Art Market

How the Art Market Works

Source: Boston Globe

In September of 2008, the British artist Damien Hirst sold a collection of his own artwork at Sotheby’s. The two-day sale, entitled “Beautiful Inside My Head Forever,” consisted entirely of Hirst’s own artwork, and netted a staggering $201 million, helping to make him one of the world’s wealthiest artists. (His net worth today is estimated at nearly $380 million.) How in the world did art -- especially contemporary art -- get so expensive?

In his new book, Art of the Deal, Noah Horowitz, an art historian and professor at the Sotheby’s Art Institute, argues that it’s all happened in the last fifty years -- and that the art market has become a complex, globalized, money-making machine for the well-connected. The story, as Horowitz tells it, starts in the 1950s, when museums, flush with post-war prosperity, began to grow in size and power. Museums bought up all the old art, pushing up prices -- and pushing collectors towards the contemporary art market, where prices soon began to rise, too. At the same time, the global economy became more integrated, and businesspeople got better at putting together complex, international deals of all kinds. That expertise inevitably spread into the art world.

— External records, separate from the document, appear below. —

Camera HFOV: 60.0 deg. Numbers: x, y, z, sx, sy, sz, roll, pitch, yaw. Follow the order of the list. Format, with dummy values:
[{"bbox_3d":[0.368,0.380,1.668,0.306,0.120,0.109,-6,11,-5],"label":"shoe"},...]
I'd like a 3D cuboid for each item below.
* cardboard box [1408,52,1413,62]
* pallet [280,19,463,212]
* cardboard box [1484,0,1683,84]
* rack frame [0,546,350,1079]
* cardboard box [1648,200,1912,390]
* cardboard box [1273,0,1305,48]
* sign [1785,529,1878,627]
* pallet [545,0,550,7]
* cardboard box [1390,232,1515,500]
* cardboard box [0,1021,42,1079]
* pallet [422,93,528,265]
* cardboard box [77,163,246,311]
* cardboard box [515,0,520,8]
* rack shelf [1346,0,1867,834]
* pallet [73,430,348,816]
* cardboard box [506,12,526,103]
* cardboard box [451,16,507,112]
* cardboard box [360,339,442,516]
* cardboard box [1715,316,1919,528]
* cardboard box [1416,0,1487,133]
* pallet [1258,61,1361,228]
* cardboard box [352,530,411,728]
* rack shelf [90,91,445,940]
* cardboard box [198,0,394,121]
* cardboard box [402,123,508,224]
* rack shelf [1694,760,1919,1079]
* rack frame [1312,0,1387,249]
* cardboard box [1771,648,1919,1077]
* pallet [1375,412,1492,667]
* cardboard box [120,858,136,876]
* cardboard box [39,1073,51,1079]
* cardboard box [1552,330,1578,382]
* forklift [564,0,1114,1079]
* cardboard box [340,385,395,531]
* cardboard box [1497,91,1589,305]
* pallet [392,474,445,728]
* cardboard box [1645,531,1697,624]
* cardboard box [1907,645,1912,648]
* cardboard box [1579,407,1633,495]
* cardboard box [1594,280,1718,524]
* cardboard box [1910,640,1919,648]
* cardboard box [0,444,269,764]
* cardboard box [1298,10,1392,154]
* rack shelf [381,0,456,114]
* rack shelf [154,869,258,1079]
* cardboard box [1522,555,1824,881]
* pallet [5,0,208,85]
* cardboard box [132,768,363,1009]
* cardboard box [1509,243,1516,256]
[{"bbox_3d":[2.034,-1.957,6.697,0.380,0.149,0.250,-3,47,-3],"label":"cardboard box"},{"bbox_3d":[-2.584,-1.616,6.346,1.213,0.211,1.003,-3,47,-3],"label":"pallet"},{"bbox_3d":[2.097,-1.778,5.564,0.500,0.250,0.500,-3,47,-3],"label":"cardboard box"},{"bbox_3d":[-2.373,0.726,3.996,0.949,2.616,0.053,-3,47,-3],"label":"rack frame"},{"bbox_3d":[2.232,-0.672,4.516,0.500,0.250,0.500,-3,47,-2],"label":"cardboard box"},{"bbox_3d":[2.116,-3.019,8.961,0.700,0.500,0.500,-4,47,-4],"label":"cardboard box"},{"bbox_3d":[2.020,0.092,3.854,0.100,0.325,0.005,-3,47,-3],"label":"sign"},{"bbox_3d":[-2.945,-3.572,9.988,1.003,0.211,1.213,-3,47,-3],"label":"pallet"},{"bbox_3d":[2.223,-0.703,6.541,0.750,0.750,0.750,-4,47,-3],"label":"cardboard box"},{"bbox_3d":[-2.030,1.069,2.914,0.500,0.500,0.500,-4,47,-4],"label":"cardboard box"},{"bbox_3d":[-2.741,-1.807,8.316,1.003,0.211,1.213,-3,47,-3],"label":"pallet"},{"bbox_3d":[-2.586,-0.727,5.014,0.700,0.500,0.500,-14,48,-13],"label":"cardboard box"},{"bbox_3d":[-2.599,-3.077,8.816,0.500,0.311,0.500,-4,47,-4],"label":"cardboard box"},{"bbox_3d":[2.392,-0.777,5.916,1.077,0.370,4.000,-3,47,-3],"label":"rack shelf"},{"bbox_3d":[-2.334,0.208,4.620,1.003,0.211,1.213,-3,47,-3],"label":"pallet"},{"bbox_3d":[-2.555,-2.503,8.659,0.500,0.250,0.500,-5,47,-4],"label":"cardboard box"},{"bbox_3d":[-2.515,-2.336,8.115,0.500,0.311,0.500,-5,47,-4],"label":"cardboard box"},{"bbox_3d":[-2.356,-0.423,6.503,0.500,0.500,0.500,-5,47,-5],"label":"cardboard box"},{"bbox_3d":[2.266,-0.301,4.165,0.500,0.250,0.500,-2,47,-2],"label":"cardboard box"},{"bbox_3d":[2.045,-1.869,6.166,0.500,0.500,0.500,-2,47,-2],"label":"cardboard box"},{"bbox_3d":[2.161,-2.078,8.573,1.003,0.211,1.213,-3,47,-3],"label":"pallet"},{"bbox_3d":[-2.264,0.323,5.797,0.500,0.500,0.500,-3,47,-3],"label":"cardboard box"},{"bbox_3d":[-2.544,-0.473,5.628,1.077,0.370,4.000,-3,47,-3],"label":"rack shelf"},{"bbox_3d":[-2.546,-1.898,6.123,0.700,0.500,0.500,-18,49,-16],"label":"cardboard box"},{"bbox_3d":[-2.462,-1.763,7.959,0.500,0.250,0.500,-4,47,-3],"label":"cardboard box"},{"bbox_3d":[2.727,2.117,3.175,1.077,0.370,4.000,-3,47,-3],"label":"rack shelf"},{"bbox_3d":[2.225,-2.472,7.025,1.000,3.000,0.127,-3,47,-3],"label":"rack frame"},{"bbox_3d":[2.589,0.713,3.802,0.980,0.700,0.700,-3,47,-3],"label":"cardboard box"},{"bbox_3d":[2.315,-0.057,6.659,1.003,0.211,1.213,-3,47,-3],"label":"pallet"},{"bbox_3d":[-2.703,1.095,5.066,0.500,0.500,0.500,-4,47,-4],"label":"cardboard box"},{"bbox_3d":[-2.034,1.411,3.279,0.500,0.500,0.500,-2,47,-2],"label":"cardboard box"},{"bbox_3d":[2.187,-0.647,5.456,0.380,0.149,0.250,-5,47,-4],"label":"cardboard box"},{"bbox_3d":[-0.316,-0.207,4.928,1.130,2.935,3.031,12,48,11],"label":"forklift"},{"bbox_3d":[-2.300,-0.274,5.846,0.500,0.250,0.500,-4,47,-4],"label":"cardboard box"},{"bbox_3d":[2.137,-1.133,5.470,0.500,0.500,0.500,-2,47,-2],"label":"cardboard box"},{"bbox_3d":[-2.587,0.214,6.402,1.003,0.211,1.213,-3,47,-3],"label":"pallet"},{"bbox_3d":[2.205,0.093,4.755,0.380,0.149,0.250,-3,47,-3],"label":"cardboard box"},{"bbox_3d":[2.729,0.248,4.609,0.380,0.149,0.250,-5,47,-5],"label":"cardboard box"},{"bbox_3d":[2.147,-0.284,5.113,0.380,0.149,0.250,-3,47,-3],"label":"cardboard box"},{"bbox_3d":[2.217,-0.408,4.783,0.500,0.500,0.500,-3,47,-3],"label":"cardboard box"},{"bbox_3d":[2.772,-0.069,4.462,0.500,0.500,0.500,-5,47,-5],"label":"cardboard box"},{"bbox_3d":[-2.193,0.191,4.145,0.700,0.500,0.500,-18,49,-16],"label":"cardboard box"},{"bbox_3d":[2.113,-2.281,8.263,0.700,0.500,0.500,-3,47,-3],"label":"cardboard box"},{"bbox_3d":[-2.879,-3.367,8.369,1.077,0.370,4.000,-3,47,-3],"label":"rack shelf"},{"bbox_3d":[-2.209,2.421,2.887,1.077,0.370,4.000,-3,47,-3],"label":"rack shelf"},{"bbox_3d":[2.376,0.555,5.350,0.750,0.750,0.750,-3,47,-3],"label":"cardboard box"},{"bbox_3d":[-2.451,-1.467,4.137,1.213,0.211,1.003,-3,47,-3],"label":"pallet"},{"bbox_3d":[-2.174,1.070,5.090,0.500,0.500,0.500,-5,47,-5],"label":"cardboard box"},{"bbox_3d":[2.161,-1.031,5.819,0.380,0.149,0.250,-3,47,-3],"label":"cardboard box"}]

The result, Horowitz argues, is an art market that’s no different from any other international market: It’s often characterized by behind-the-scenes wheeling and dealing, designed to maximize profit. Investors in New York, say, might see an opportunity in contemporary Chinese art. They form an investment consortium, which hires a buyer to find artwork in China. After the collection is put together, the investors work to get the artworks exhibited in art museums around the world. Then, Horowitz writes, “the body of work, now a museum-quality ‘collection,’” is sold in turn to another dealer or auction house, and eventually at auction to other art buyers. All the players work together to transform little-known artworks into valuable assets; even the museums are caught up in the process, though often unknowingly. All this is possible because the art market brings two contradictory elements together: on the one hand, huge sums of money; on the other, objects that have no intrinsic, easy to determine monetary value. (Sound familiar?)

What does the new economic climate mean for the art market? It’s hard to say, of course, but one thing is certain: as things are right now, Horowitz writes, the system is eroding the idea that art “is more than just an empty stepping stone to social, political, and economic enrichment.” The art market depends, ultimately, on trust, both in the idea of art and in the basically artistic motives of the world’s art institutions. The more art dealers resemble speculators, and museum galleries showrooms, the more than trust is undermined.